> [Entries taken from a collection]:
------------------------------------

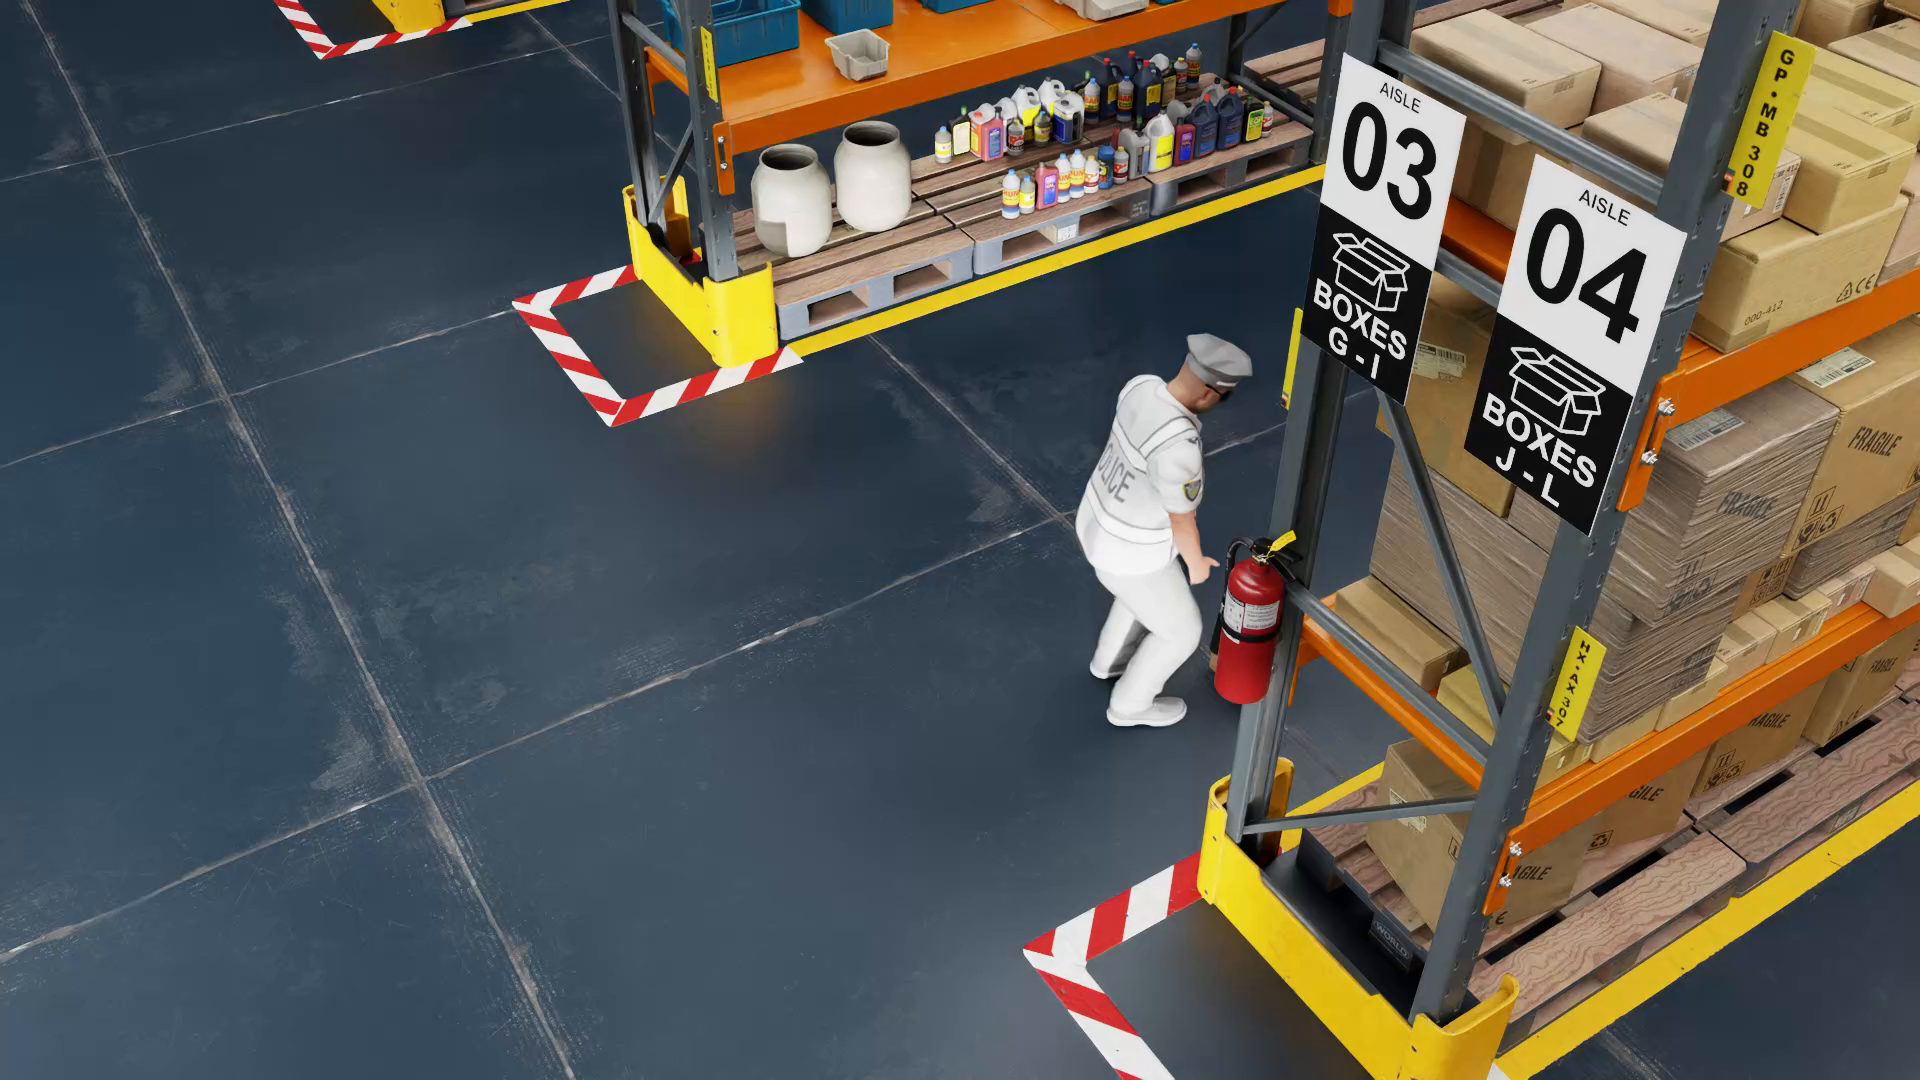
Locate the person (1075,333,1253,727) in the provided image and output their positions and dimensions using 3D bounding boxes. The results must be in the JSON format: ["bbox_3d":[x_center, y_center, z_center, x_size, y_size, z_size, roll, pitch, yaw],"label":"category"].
[{"bbox_3d":[0.733,-0.030,6.276,0.585,1.650,0.571,-7,41,-8],"label":"person"}]
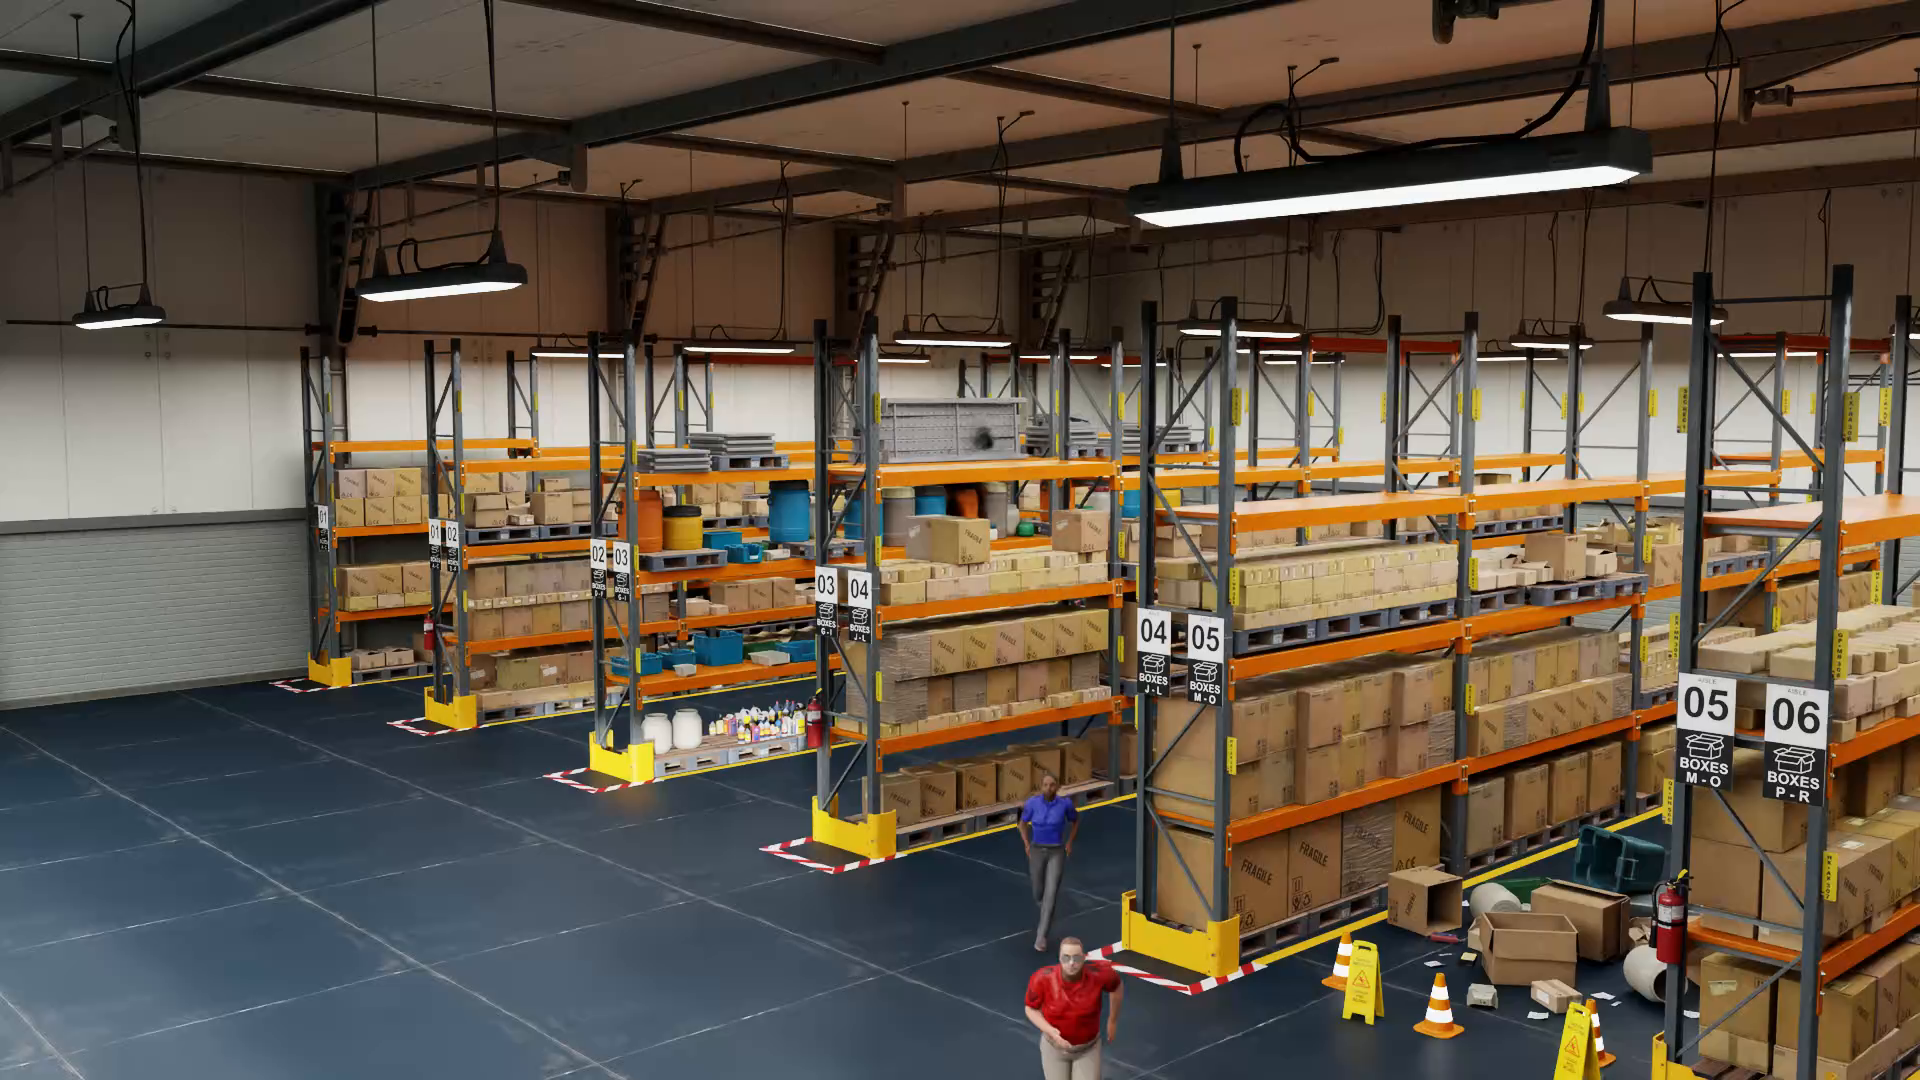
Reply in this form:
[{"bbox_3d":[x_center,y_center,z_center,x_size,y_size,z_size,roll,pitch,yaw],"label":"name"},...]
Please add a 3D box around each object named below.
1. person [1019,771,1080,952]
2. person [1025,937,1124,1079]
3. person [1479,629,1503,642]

------------------------------------

> [What to produce]: With the pictures removed, return each record above exactly as given.

> [Solution to this problem]:
Locate the person (1075,333,1253,727) in the provided image and output their positions and dimensions using 3D bounding boxes. The results must be in the JSON format: ["bbox_3d":[x_center, y_center, z_center, x_size, y_size, z_size, roll, pitch, yaw],"label":"category"].
[{"bbox_3d":[0.733,-0.030,6.276,0.585,1.650,0.571,-7,41,-8],"label":"person"}]
Reply in this form:
[{"bbox_3d":[x_center,y_center,z_center,x_size,y_size,z_size,roll,pitch,yaw],"label":"name"},...]
Please add a 3D box around each object named below.
1. person [1019,771,1080,952]
2. person [1025,937,1124,1079]
3. person [1479,629,1503,642]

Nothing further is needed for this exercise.